18:04:30     INFO -  34167 INFO TEST-PASS | /tests/content/base/test/test_bug820909.html | CSS unit names should be ASCII case-insensitive
18:04:30     INFO -  34168 INFO TEST-PASS | /tests/content/base/test/test_bug820909.html | CSS property aliases should be ASCII case-insensitive
18:04:30     INFO -  34169 INFO TEST-PASS | /tests/content/base/test/test_bug820909.html | Inputs that aren't actually type='hidden' should not be allowed as table kids
18:04:30     INFO -  34170 INFO TEST-PASS | /tests/content/base/test/test_bug820909.html | CSS property names should be ASCII case-insensitive
18:30:36     INFO -  34171 INFO TEST-PASS | /tests/content/base/test/test_bug820909.html | CSS keywords should be ASCII case-insensitive
18:30:36     INFO -  34172 INFO TEST-PASS | /tests/content/base/test/test_bug820909.html | CSS color names should be ASCII case-insensitive
18:30:36     INFO -  34173 INFO TEST-INFO | MEMORY STAT vsize after test: 809062400
18:30:36     INFO -  34174 INFO TEST-INFO | MEMORY STAT residentFast after test: 210219008
18:30:36     INFO -  34175 INFO TEST-INFO | MEMORY STAT heapAllocated after test: 33437588
18:30:36     INFO -  34176 INFO TEST-END | /tests/content/base/test/test_bug820909.html | finished in 352ms
18:30:36     INFO -  34177 INFO TEST-START | Shutdown
18:30:36     INFO -  34178 INFO Passed:  32534
18:30:36     INFO -  34179 INFO Failed:  0
18:30:36     INFO -  34180 INFO Todo:    63
18:30:36     INFO -  34181 INFO Slowest: 53107ms - /tests/content/base/test/test_bug682592.html
18:30:36     INFO -  34182 INFO SimpleTest FINISHED

I do not understand what's happening here.
I don't see this timestamped logs in the try-server push.  Are we failing to terminate the process?  It seems to be the case- maybe we can force this to terminate the test harness when we receive 'SimpleTest FINISHED'
(In reply to Joel Maher (:jmaher) from comment #2)
> I don't see this timestamped logs in the try-server push.  Are we failing to
> terminate the process?  It seems to be the case- maybe we can force this to
> terminate the test harness when we receive 'SimpleTest FINISHED'

We kill the runtestsremote.py process after "2400 seconds without output" -- I think that's okay. Killing after "SimpleTest FINISHED" won't address the case of a hang mid-test. (I'm using a shutdown hang here as an example, but the randomly truncated logs affect all Android hangs.)
I understand what the problem is now.

We have a parent process - like mozharness' android_panda_unittest.py - calling "python runtestsremote.py ...", collecting the runtestsremote output and then logging that. "python runtestsremote.py"'s output is buffered, and if the parent process does not see any output in 2400 seconds, it kills the child, and loses any buffered output.

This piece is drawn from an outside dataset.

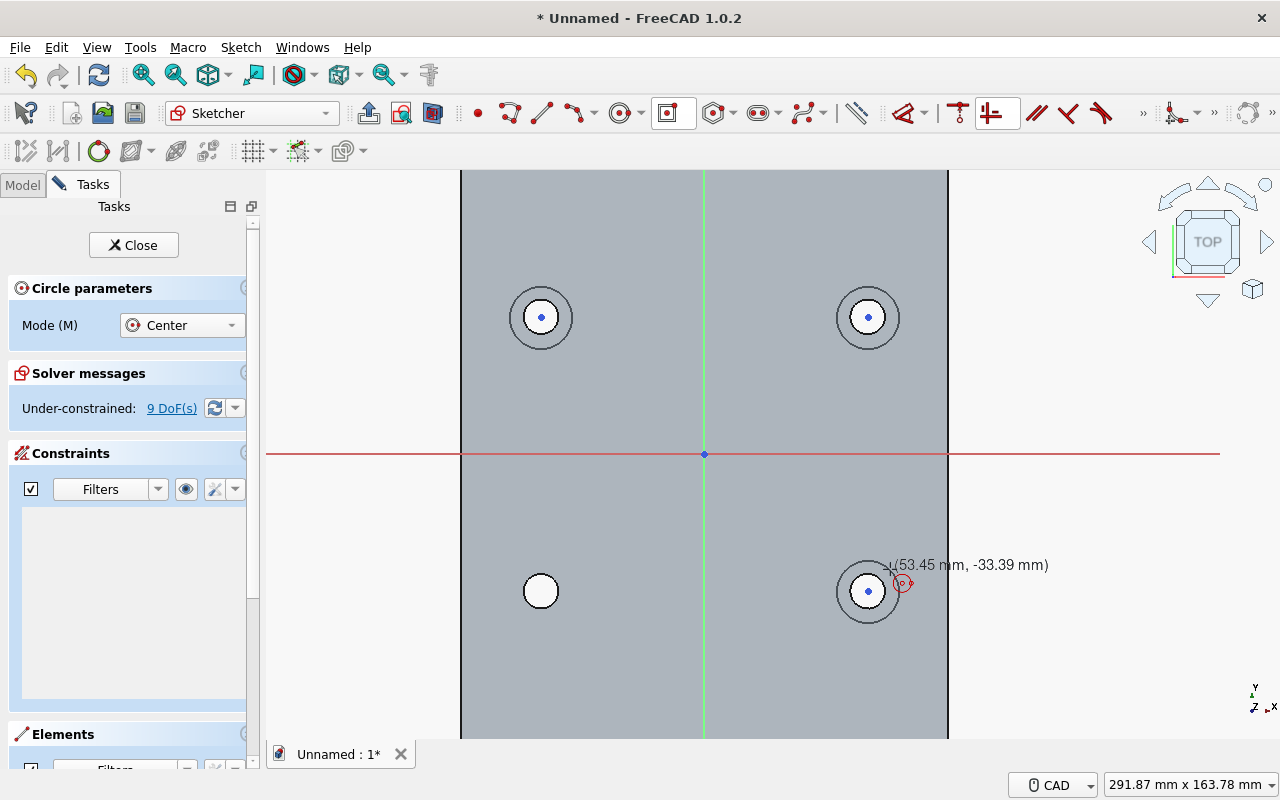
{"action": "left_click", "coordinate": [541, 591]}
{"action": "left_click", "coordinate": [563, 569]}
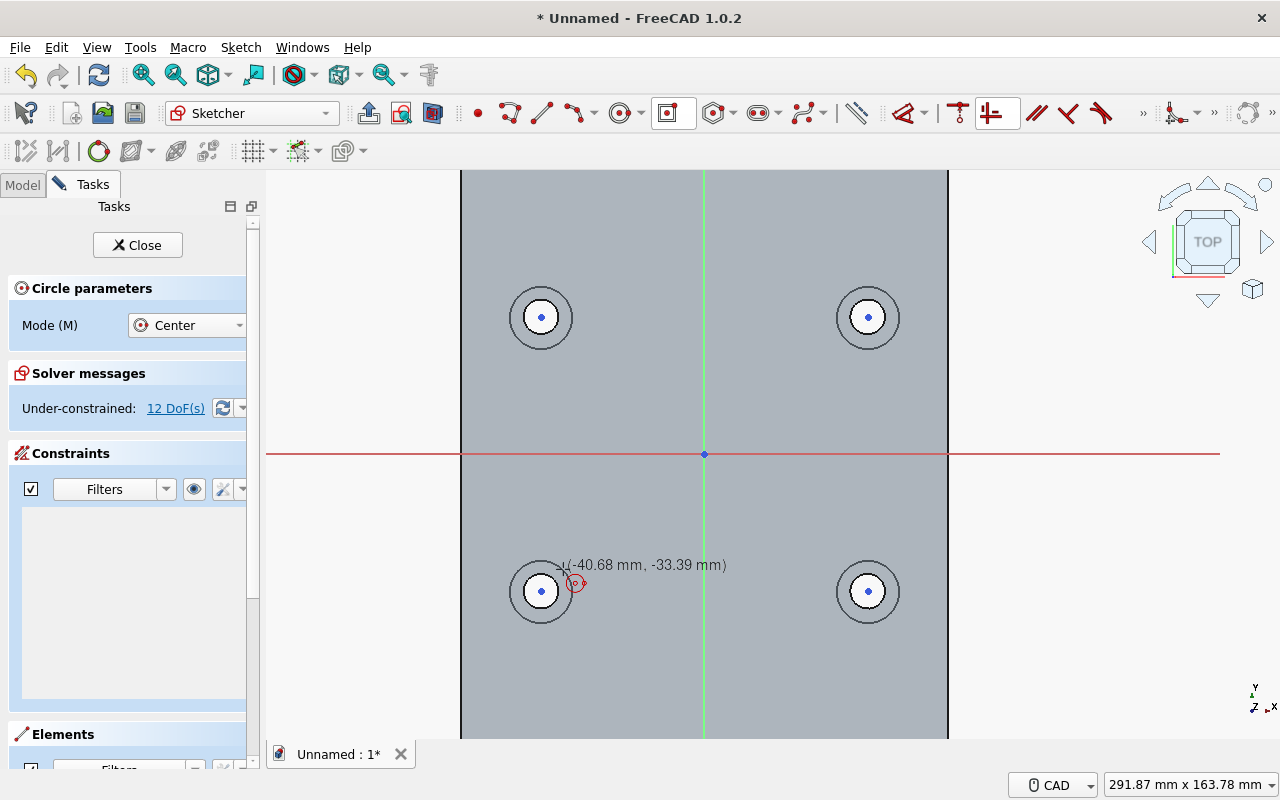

We can avoid the problem by forcing standard output to be flushed in runtestsremote.py, as seen here: https://tbpl.mozilla.org/?tree=Try&rev=aedaf11e70fc.

But I think the better solution is to call "python -u runtestsremote.py ...". We seem to use "python -u" for all of the desktop unittests, and they do have the problem of randomly truncated logs: https://tbpl.mozilla.org/?tree=Try&rev=cd5d901f706a.


Does anyone recall why we do not use the -u (unbuffered) flag for Android tests? Just an oversight?
Sigh.

> We seem to use "python -u"
> for all of the desktop unittests, and they do have the problem of randomly truncated logs

Of course I meant:

We seem to use "python -u"
for all of the desktop unittests, and they do NOT have the problem of randomly truncated logs
(In reply to Geoff Brown [:gbrown] from comment #4)
> I understand what the problem is now.
> 
> We have a parent process - like mozharness' android_panda_unittest.py -
> calling "python runtestsremote.py ...", collecting the runtestsremote output
> and then logging that. "python runtestsremote.py"'s output is buffered, and
> if the parent process does not see any output in 2400 seconds, it kills the
> child, and loses any buffered output.
> 
> We can avoid the problem by forcing standard output to be flushed in
> runtestsremote.py, as seen here:
> https://tbpl.mozilla.org/?tree=Try&rev=aedaf11e70fc.
> 
> But I think the better solution is to call "python -u runtestsremote.py
> ...". We seem to use "python -u" for all of the desktop unittests, and they
> do have the problem of randomly truncated logs:
> https://tbpl.mozilla.org/?tree=Try&rev=cd5d901f706a.
> 
> 
> Does anyone recall why we do not use the -u (unbuffered) flag for Android
> tests? Just an oversight?

I don't personally know. It's worth trying unless someone is aware of any issues with it.
Attachment #8357942 - Flags: review?(armenzg)
Attachment #8357943 - Flags: review?(armenzg)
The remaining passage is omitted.